III. Enhanced Tribal Identification Card
Enhanced Tribal Identification Cards (ETCs) are similar in form to a U.S. passport card. RFID technology in these cards allows data sharing between Customs and Border Patrol (CBP) and tribal nations to verify the enrollment and U.S. citizenship status of the card holder. WHTI also requires updating of the information available through ETCs as deemed necessary by Homeland Security. In 2010, the Tribal Homeland Security Grant Program was amended to include some funding support for the development of ETCs. The Pascua Yaqui Tribe was the first tribal nation to develop and issue an ETC in 2010. The Kootenai Tribe of Idaho began issuing its ETC in 2011. At least seventeen additional tribes are now in the process of developing their own ETCs.

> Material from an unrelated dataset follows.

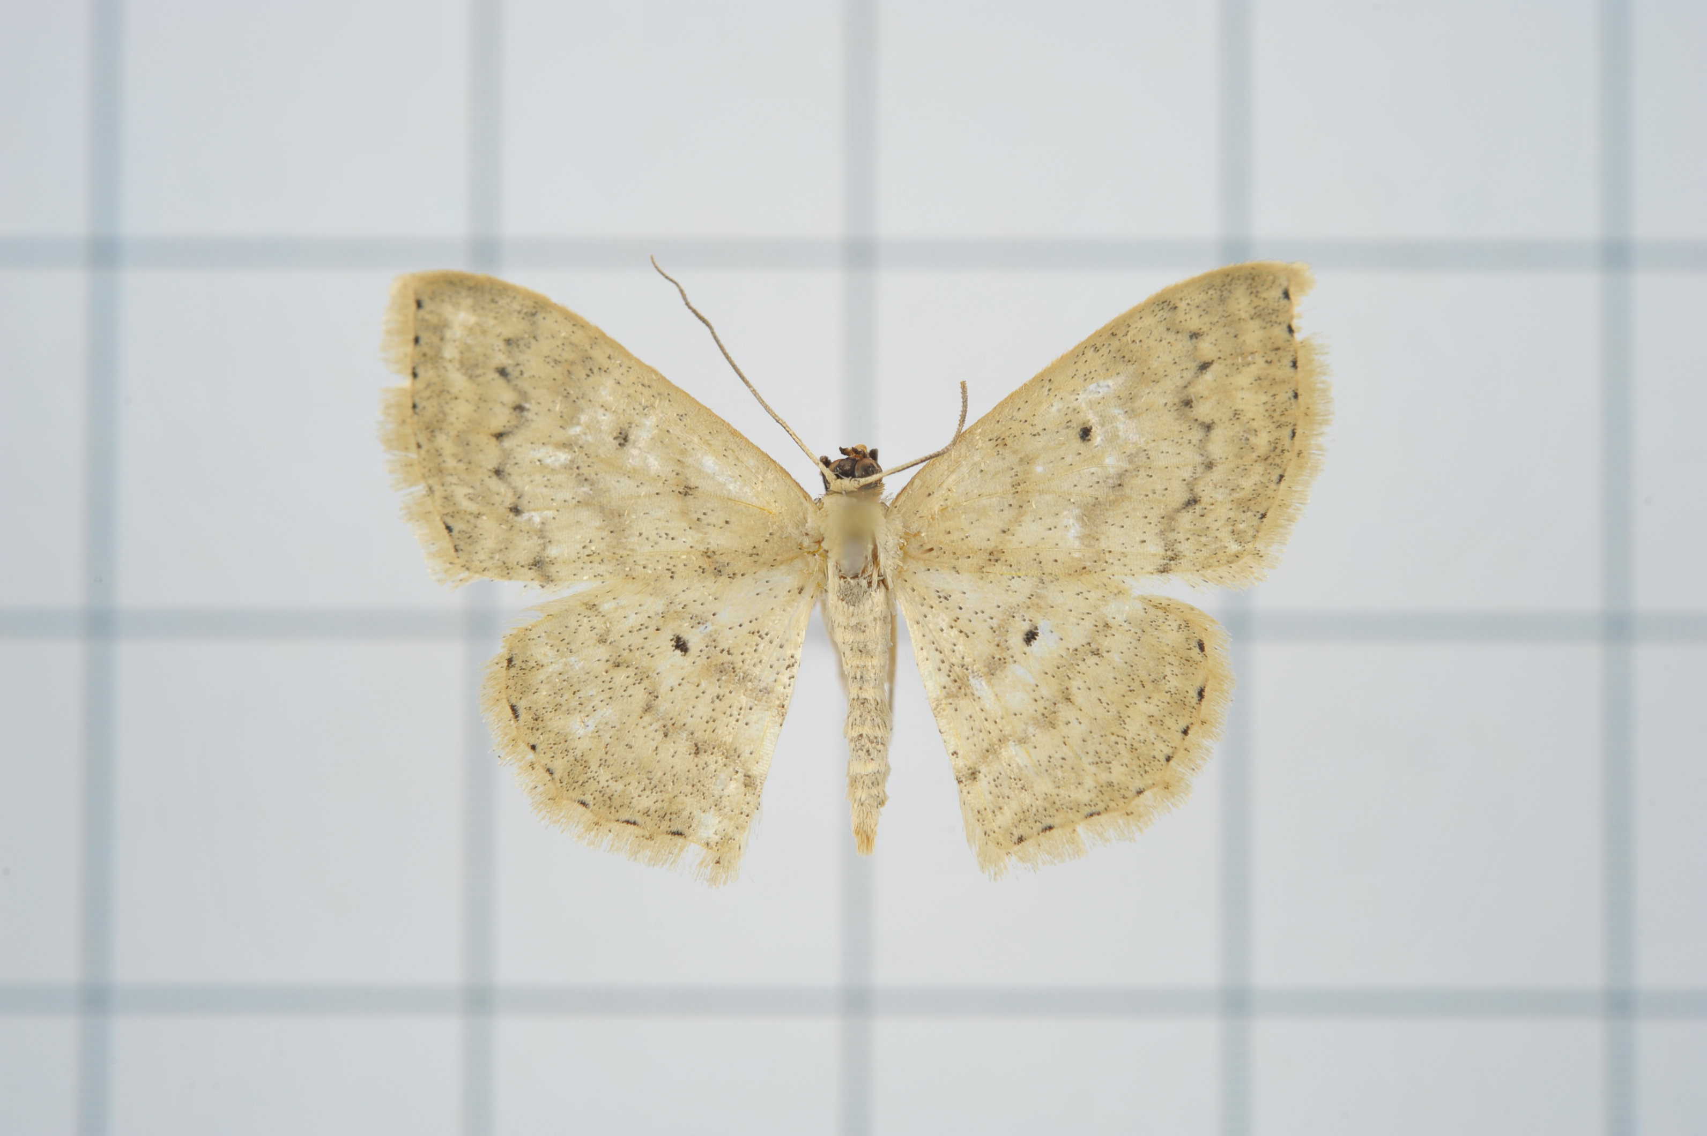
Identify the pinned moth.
Scopula actuaria actuaria
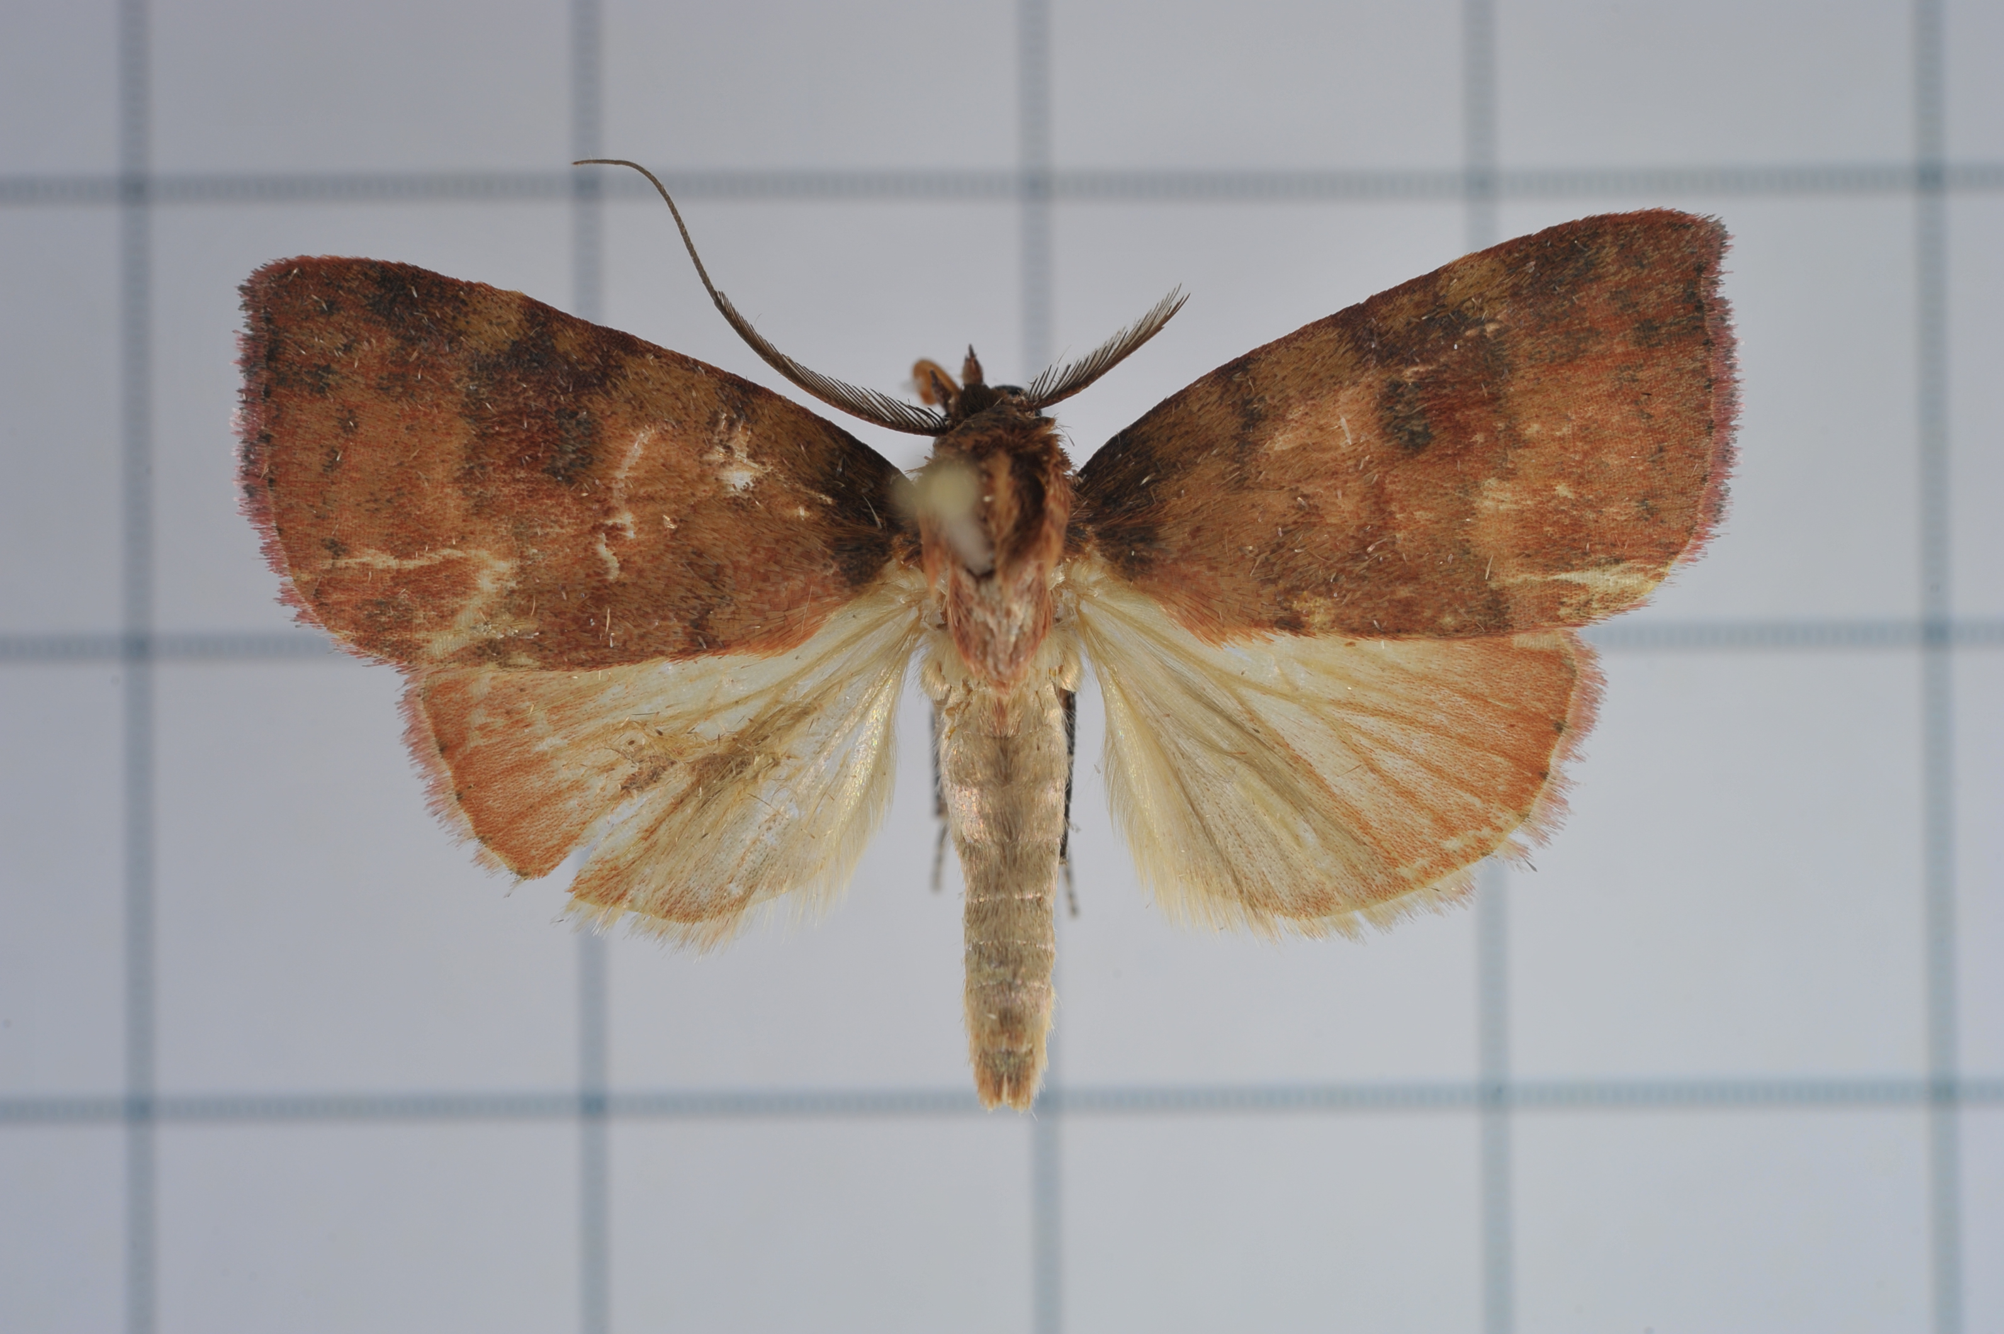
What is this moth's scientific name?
Gelastocera exusta

A Memorandum of Agreement (MOA) between a federally-recognized U.S. tribal nation and the CBP is needed to begin the process of a tribal nation’s ETC development. Once negotiations between a tribal nation and CBP are complete and a MOA is signed, information technology (IT) working groups begin development of the ETC. Once the IT working group approves production, a memo is sent to CBP field officers describing the ETC’s security features, artwork for the ETC is finalized, and CBP issues a press release on the new ETC.
See List of Useful Contacts and Online Resources in this manual for additional information on how to apply for a Tribal Homeland Security Grant to develop an ETC and resources for ETC development. Grant monies for ETC production are annual and tribal nations may reapply. The Pascua Yaqui Tribe currently offers ETC development services to other tribes.